静岡発・スポーツ共創は次のフェーズへ――『FIELD²』で見えた、地域課題解決と事業化の広がり
静岡県が推進する、スポーツチームと他産業の共創による事業創出プログラム『FIELD² - SHIZUOKA SPORTS OPEN-INNOVATION - 2025』 。静岡県に拠点を有するスポーツチームと、他産業による共創でイベント中心の取り組みから日常におけるスポーツ振興への転換を目的として、新たな価値創造に取り組んだ『FIELD』は『FIELD2』として2期目を迎えた。
今回の成果発表会では東レアローズ静岡×株式会社SmileJapan、藤枝MYFC×UKIWAの今年度採択プロジェクトに加え、昨年度の採択プロジェクトである静岡ブルーレヴズ×SyncLocal、ベルテックス静岡×トワールの二年目の進捗も共有された。

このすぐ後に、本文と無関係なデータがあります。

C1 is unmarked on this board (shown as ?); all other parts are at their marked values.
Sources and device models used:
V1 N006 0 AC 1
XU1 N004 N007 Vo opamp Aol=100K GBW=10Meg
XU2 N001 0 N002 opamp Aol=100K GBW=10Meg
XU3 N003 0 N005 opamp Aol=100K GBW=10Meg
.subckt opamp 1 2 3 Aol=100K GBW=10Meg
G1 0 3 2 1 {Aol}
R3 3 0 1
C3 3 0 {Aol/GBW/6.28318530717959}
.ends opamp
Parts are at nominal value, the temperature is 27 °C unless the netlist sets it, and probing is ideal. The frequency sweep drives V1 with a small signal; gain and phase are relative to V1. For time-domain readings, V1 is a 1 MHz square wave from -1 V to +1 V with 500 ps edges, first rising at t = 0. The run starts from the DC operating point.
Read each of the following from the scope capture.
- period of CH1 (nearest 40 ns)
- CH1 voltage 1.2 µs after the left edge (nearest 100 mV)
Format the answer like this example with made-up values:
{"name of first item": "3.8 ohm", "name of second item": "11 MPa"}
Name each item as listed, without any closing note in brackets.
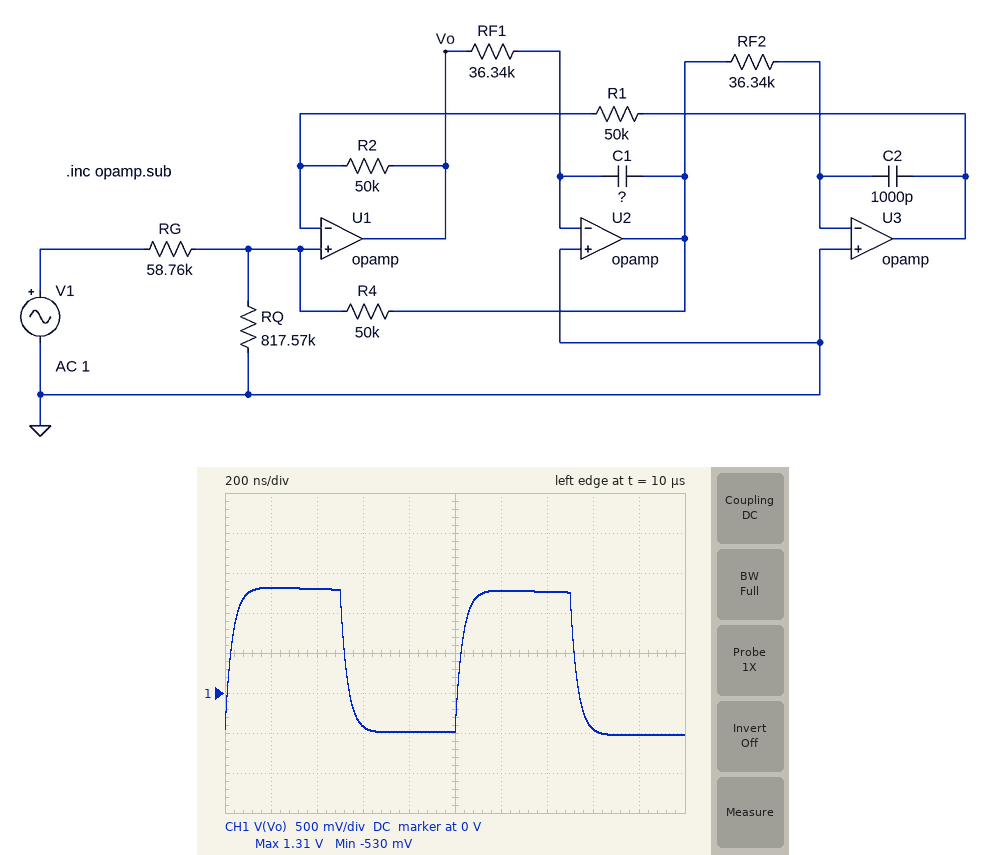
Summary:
{"period of CH1": "1.00 µs", "CH1 voltage 1.2 µs after the left edge": "1.3 V"}
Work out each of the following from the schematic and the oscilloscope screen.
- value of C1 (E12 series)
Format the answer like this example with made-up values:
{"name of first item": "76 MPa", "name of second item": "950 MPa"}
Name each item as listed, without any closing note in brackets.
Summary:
{"value of C1": "470 pF"}
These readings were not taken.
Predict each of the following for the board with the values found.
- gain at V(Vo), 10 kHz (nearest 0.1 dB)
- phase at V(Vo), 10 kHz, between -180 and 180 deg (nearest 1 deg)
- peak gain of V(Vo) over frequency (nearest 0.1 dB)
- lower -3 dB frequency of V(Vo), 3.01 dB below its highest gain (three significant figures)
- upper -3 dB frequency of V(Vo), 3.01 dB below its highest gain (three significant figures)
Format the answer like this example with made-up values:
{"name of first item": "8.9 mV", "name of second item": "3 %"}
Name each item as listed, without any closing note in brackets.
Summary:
{"gain at V(Vo), 10 kHz": "-2.1 dB", "phase at V(Vo), 10 kHz, between -180 and 180 deg": "59 deg", "peak gain of V(Vo) over frequency": "-1.0 dB", "lower -3 dB frequency of V(Vo), 3.01 dB below its highest gain": "6.93 kHz", "upper -3 dB frequency of V(Vo), 3.01 dB below its highest gain": "4.99 MHz"}
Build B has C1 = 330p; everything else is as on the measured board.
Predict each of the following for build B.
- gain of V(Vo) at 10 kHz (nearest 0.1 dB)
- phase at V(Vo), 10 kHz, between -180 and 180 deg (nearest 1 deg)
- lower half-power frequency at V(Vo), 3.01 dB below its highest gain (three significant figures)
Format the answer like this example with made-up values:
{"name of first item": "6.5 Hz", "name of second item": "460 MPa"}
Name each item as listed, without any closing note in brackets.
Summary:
{"gain of V(Vo) at 10 kHz": "-4.2 dB", "phase at V(Vo), 10 kHz, between -180 and 180 deg": "73 deg", "lower half-power frequency at V(Vo), 3.01 dB below its highest gain": "10.4 kHz"}
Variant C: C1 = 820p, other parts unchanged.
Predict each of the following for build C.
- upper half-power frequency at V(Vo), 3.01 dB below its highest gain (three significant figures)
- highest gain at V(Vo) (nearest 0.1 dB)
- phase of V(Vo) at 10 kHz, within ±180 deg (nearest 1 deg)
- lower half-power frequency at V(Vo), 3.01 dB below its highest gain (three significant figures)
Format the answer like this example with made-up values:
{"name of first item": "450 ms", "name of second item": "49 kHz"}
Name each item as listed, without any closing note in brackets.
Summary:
{"upper half-power frequency at V(Vo), 3.01 dB below its highest gain": "4.40 MHz", "highest gain at V(Vo)": "-0.5 dB", "phase of V(Vo) at 10 kHz, within ±180 deg": "36 deg", "lower half-power frequency at V(Vo), 3.01 dB below its highest gain": "4.28 kHz"}
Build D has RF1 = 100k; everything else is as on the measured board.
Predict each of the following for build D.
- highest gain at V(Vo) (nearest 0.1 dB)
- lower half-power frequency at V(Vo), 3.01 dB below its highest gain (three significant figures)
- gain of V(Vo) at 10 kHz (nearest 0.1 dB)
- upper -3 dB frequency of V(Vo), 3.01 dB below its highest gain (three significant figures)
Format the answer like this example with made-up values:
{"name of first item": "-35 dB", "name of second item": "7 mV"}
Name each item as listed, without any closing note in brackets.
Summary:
{"highest gain at V(Vo)": "0.8 dB", "lower half-power frequency at V(Vo), 3.01 dB below its highest gain": "3.26 kHz", "gain of V(Vo) at 10 kHz": "-0.3 dB", "upper -3 dB frequency of V(Vo), 3.01 dB below its highest gain": "2.88 MHz"}

本稿では、当日の発表を軸に、各プロジェクトの成果と今後の可能性を整理しながら、静岡県で進むスポーツ×オープンイノベーションの現在をレポートする。
【開会の挨拶】「この場で生まれた取り組みを次のフェーズへ」
イベント冒頭には、静岡県 スポーツ・文化観光部 スポーツ政策課課長 小林 竜太氏が登壇した。小林氏は、自身がこの3年間、静岡県における「スポーツの産業化」に携わってきたことに触れつつ、本事業が模索のなかから立ち上がった取り組みであると振り返った。
スポーツ産業の可能性をどのように地域に根づかせていくかを考えるなかで、eiiconによるアクセラレーション型のオープンイノベーションプログラムに挑戦したことが、本事業の出発点だったという。
▲静岡県 スポーツ・文化観光部 スポーツ政策課課長 小林 竜太 氏
そのうえで、「昨年度生まれたチームがさらに発展していることが非常にうれしい。今年取り組んだ2チームも、ぜひこの先に発展させてほしい」と語り、継続的な事業育成の場として本プログラムへの期待を寄せた。
続いて運営事務局からは、今年度の事業概要が説明された。主催は静岡県、運営は昨年度に続きeiiconが担当。さらに、静岡銀行、静岡新聞社、静清信用金庫がサポーター企業として参画し、共創プロジェクトの成長を多面的に支える体制が整えられた。
2025年夏より事業テーマ設計・ブラッシュアップからスタートし、共創パートナーとのマッチングを実施。同年11月には静岡市内でのワークショップを行い、その後は週1回程度の定例ミーティングを通じてインキュベーション・実証を推進し、今回の発表に至っている。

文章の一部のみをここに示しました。